И, странно, сама природа, кажется, озабочена тем, чтобы подталкивать человека на этот роковой путь. Наступает время в нашей жизни, когда какой-то повелительный и тайный голос запрещает нам радоваться красоте и величию мира. Мир манит нас, как и прежде, но он больше не дает чистого счастья. Вспомните Чехова. Как он любил природу! Какая неизмеримая тоска слышится в его чудесных описаниях природы! Как будто каждый раз, когда он бросал взгляд на голубое небо, неспокойное море или зеленые леса, властный голос шептал ему: «Все это больше не твое. Ты можешь смотреть на это, но у тебя нет права радоваться. Готовь себя к другой жизни, где ничего не будет дано, закончено, приготовлено, где ничего не будет создано, где будет лишь безграничное творчество. И все, что есть в этом мире, будет предано разрушению, разрушению и разрушению, даже эта природа, которую ты так страстно любишь и от которой так трудно и больно тебе отречься». Все влечет нас в таинственное царство вечно фантастического, вечно хаотического и — кто знает? — может быть, вечно прекрасного...

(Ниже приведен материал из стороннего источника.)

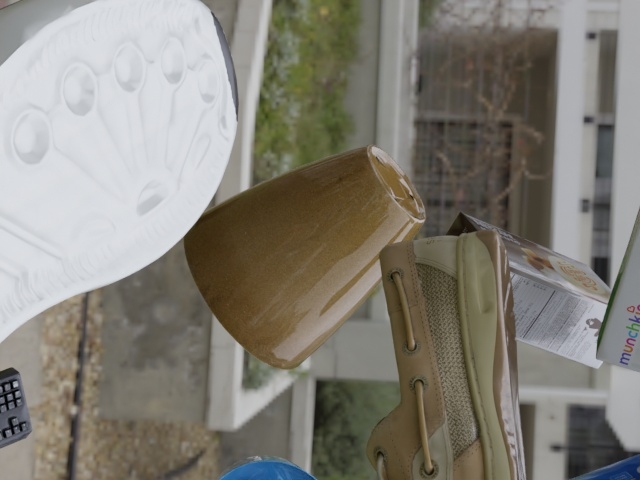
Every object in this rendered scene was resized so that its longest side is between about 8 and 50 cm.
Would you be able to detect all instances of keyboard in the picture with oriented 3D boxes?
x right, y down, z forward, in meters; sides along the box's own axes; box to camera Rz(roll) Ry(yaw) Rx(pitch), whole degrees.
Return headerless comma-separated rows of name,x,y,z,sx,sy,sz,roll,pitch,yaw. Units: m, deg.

Эксперимент и доказательство
Когда cogito ergo sum пришло в голову Декарту, он отметил этот день — 10 ноября 1619 года — как замечательный день: «Свет чудесного открытия, — писал он в своем дневнике, — вспыхнул в моем уме». Шеллинг рассказывает то же самое о себе: в 1801 году он «увидел свет». А Ницше, когда бродил по горам и долинам Энгадина, претерпел могучую перемену: он постиг учение о вечном возвращении. Можно было бы назвать многих философов, поэтов, художников, проповедников, которые, подобно этим троим, внезапно увидели свет и сочли свое видение началом новой жизни. Вероятно даже, что все люди, которым суждено было явить миру нечто совершенно новое и оригинальное, без исключения испытали это чудо внезапного метаморфоза. Тем не менее, хотя об этих чудесах говорят много и часто, почти во всех биографиях великих людей, мы не можем строго воспользоваться ими. Декарт, Шеллинг, Ницше рассказывают историю своего обращения; у нас Толстой и Достоевский рассказывают о своих; в менее отдаленном прошлом есть Магомет и апостол Павел; в глубокой древности — легенда о Моисее. Но если бы я выбрал в десять раз больше, если бы были собраны даже тысячи, разум все равно не смог бы сделать из них никакого вывода. Иными словами, все эти случаи не имеют ценности как научный материал, тогда как один ископаемый скелет или уникальный случай неизвестной редкой болезни — драгоценная находка для ученого. Что еще интереснее, Декарт был так поражен своим cogito ergo sum, Ницше — своим вечным возвращением, Магомет — своим раем, апостол Павел — своим видением, в то время как мы остаемся более или менее равнодушными ко всему, что они могут рассказать о своем опыте. Только самые чувствительные из нас имеют слух для историй такого рода, и даже они вынуждены скрывать свои впечатления внутри себя, ибо что с ними поделаешь?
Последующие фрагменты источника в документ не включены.